The detainees, who are held without charge, are demanding their basic legal rights under the Geneva Conventions. They want adequate food and shelter, clean water, the right to challenge their incarceration before an independent commission—not the Pentagon’s kangaroo court style panels—and an end to the ongoing physical and psychological abuse and to religious persecution. They have vowed to fast until death if their demands are not met.

In line with White House policy, the Pentagon has refused to provide any detailed information on the protest, while repeating the lie that prisoners are being treated “humanely”. Last week Captain John Edmondson, head of the Guantánamo prison hospital, claimed that “no lives were at risk” and that some of those involved in hunger strike were just trying “to get attention”.

But according to Amnesty International and human rights lawyer Clive Stafford Smith, who is representing 42 of the hunger strikers, 21 have been admitted to hospital and are being force-fed through nasal catheters. The emaciated prisoners are shackled to their beds to stop them removing the tubes.

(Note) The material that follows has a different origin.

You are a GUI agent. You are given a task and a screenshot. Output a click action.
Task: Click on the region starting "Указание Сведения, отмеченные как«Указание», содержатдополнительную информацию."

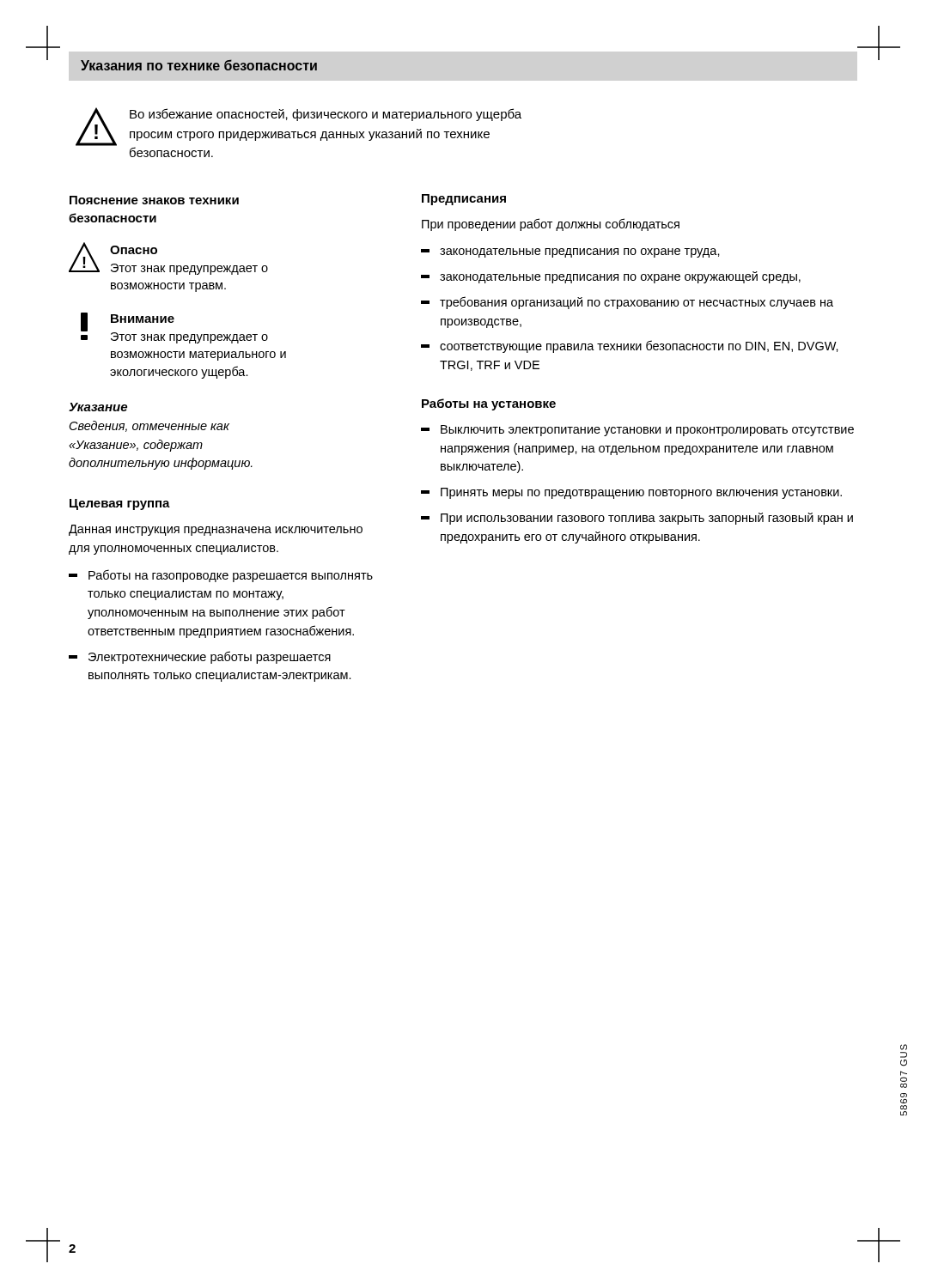coord(228,436)

Stafford Smith told the BBC “Evening News” on September 9 that one of the reasons for the latest hunger strike was the ongoing incarceration of children in Guantánamo. He reported that an estimated 20 children were being held in the prison, including some in solitary confinement.

While the International Committee of the Red Cross and other human rights organisations have warned that the hunger strikers face irreparable damage or death, there has been little media coverage of the desperate protest and its consequences.

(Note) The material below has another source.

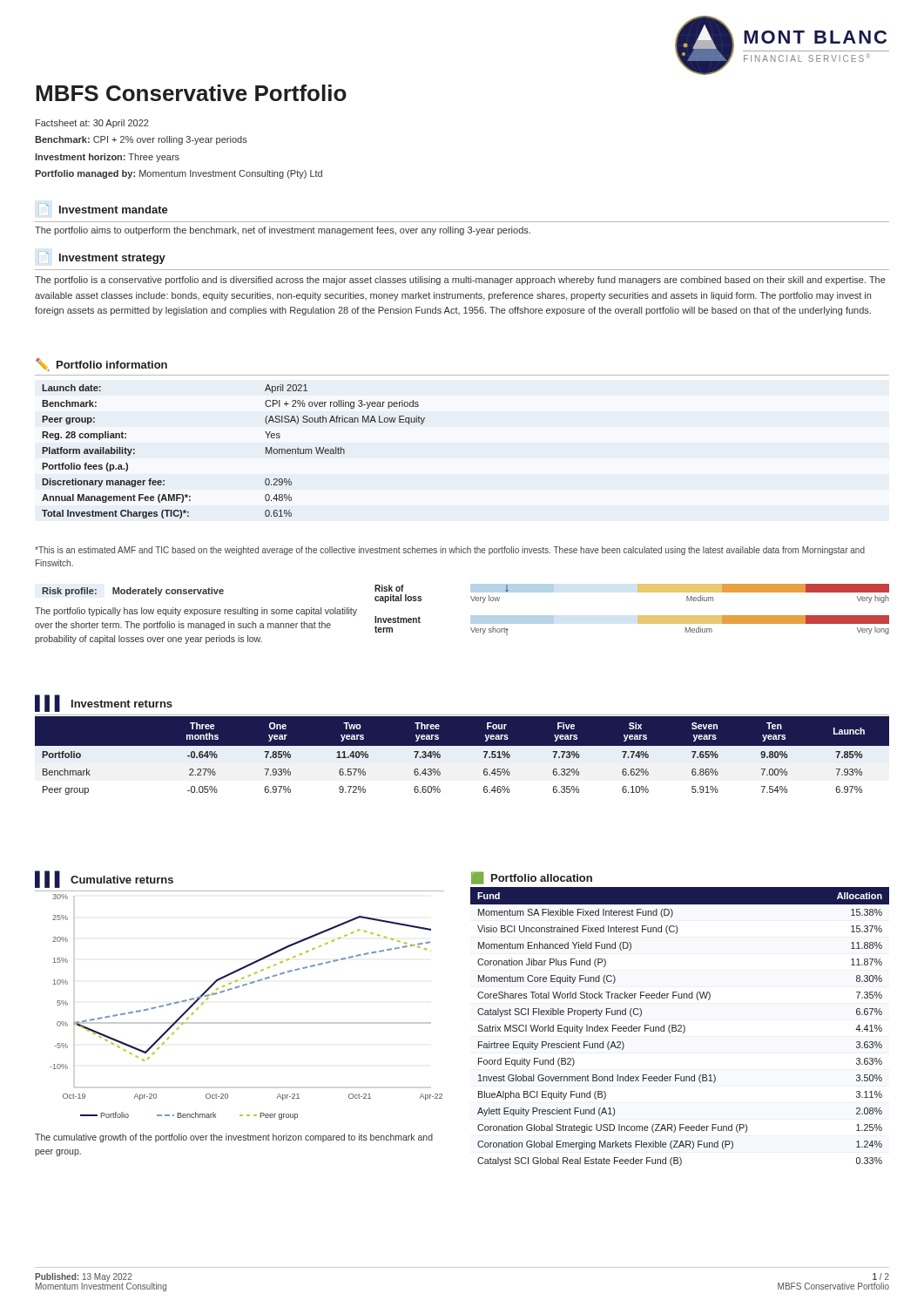
Task: Click on the region starting "The cumulative growth of"
Action: point(234,1144)

The latest fast was preceded by an almost month-long protest, beginning on 21 June with a coordinated hunger strike in all five camps at Guantánamo. Almost 200 prisoners participated with some detainees refusing food for 26 days. Military authorities are reported to have force-fed over 50 men intravenously.

News of this previous hunger strike was not made public until weeks later when the Pentagon declassified testimony given by prisoners to their defence attorneys. Under US military guidelines, all notes of defence attorney-client conversations must be submitted to a Virginia military intelligence office, which then decides whether they can be released or their contents publicly discussed.

Hand-written testimony by Omar Deghayes, a 35-year-old British resident, gives some indication of the situation facing prisoners. He described incarceration in Guantánamo as a “slow death”, where “disrespect to all religious rituals” prevailed, prisoners were “degraded and abused” and there was no proper access to medicine, washing facilities or sunlight.